Entrei no prédio sem uso, desgastado pelo tempo e por invasões periódicas. A estrutura me parece que não foi alterada. É doloroso ver a escuridão em que se encontra, paredes queimadas e sinais de quem passou por lá um ou mais dias. Seres humanos invisíveis para a sociedade na distância e considerados empecilhos nas proximidades deste ou daquele.
Em meio aos pinos de cocaína vazios, observei desenhos: uma cruz ao contrário, disco voador, olho no triângulo, uma múmia, uma espécie de rota de fuga por tubulações... No pequeno quadro, o Salmo 91(90): “Tu que estás sob a proteção do Altíssimo e moras à sombra do Onipotente, dize ao Senhor: ‘Meu refúgio, minha fortaleza, meu Deus, em quem confio’.”
Li algumas frases e palavras nas paredes e, dentre elas: “Na reflexão pensei sobre minha relação com o próximo e cheguei à conclusão de que eu realmente preciso ser mais humano” e “Ainda há esperança para a árvore cortada, mesmo que cortem sua raiz”.
As pessoas se traduzem naquilo que deixam em espaços como esses. Chamou-me a atenção aquele que disse sobre ser mais humano. Provavelmente a rua o embruteceu. A rua enrudece pela necessidade de sobrevivência. Você não sabe quem aparecerá em seu entorno e que pode se tornar ameaça. Recordo-me – e penso que já falei sobre isso – da época em que visitava os presídios, pela Pastoral Carcerária, do moço que me disse procurar, de toda forma, não absorver a proclamação do Evangelho que fazia e os comentários e orações posteriores. Justificou que, se ficasse emocionado, perderia a força que considerava prudente no caso de ser atacado. Triste, não é, a pessoa não poder se comover? Para falar assim, sem dúvida era ele sensível.
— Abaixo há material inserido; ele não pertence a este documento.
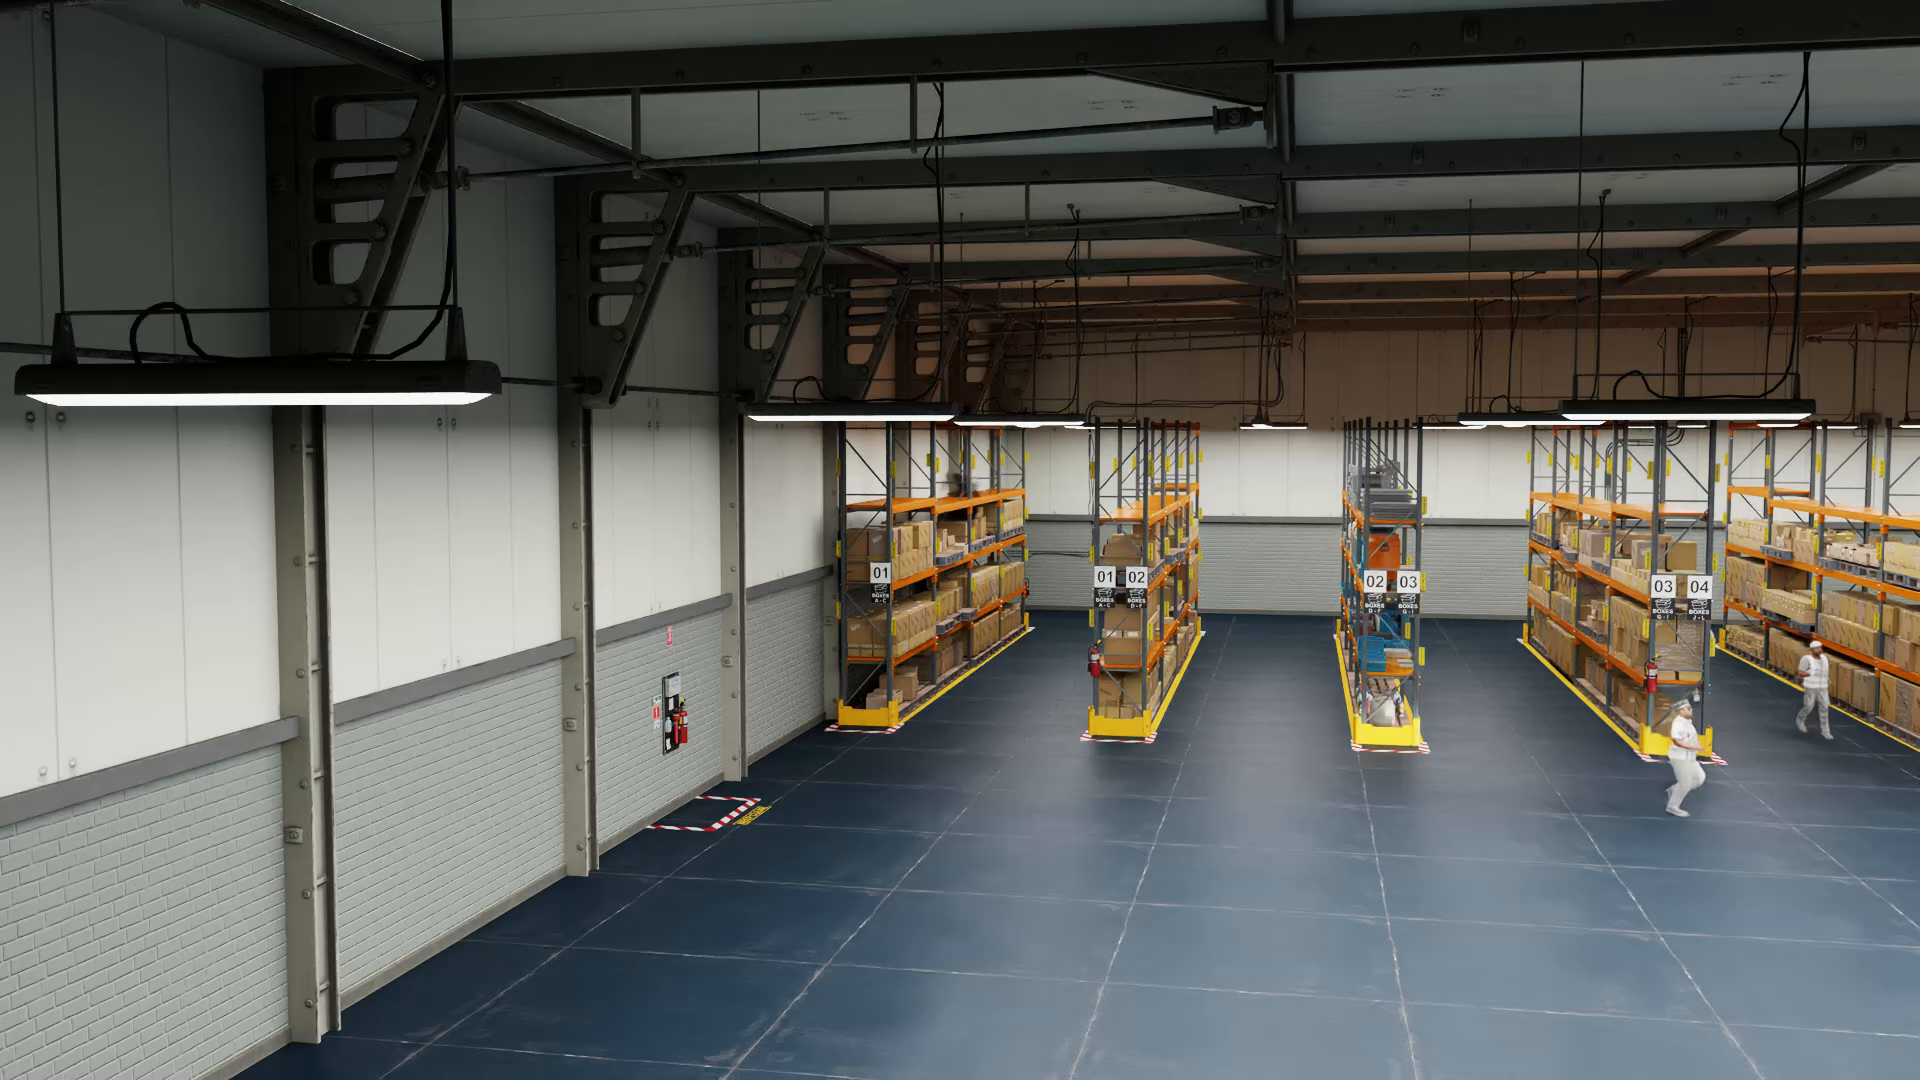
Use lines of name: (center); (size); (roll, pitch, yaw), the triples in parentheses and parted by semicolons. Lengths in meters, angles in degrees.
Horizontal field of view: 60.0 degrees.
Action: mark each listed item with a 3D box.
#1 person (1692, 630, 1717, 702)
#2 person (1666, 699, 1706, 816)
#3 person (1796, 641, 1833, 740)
person: (15.827, 2.520, 35.669); (0.705, 1.813, 0.921); (1, 4, 15)
person: (10.849, 3.234, 24.801); (0.553, 1.754, 0.716); (3, 5, 36)
person: (15.996, 2.770, 31.082); (0.677, 1.778, 0.961); (0, 4, -3)

Contudo não é só a rua que embrutece, há tantas outras coisas como o poder desmedido, a ambição por dinheiro, a prepotência, o uso das pessoas... Além disso, os invisíveis, inúmeras vezes, necessitam gritar para conseguir sobreviver em necessidades mínimas.
A outra frase me questionou mais ainda sobre a esperança para a árvore cortada mesmo que em suas raízes. Qual seria a esperança para a árvore cortada em suas raízes? Jesus diz: “O que é impossível para os homens é possível para Deus (Lucas 18, 27). Que raízes seriam essas? Da família, talvez, ou da sociedade que o condenou. Mas é alguém de esperança imensa, pela colocação.
Pergunto-me: “Que poderia ser feito para alimentar essa esperança? E para a pessoa conseguir ser mais humana?”
Talvez as raízes tenham sido cortadas pela falta de cuidados dos pais. Mas houve vínculos paternos? Quantas crianças registradas somente no nome da mãe, sem que se possa localizar o pai. Como seria a história da mãe? Foi cuidada e aprendera a cuidar? Existem tantas pessoas estranguladas em um círculo de morte... Se foi ele que amputou suas raízes quiçá pelos motivos anteriores igualmente.
Lembrei-me de um bilhete que o Padre Zezinho me enviou, a pedido de um amigo meu, pois não pude comparecer em um encontro do Movimento de Jovens, encerrado por ele, na década de 70, que dizia: “Que de você nasça um mundo como Jesus sonhava, quando esteve conosco pelas ruas da Galileia”.
Olhei os desenhos, as frases, a escuridão das paredes e me senti responsável por ajudar a florescer árvores sem raízes.
MARIA CRISTINA CASTILHO DE ANDRADE -
Professora e cronista. Coordenadora diocesana da Pastoral da Mulher – Santa Maria Madalena/ Magdala. Jundiaí, Brasil.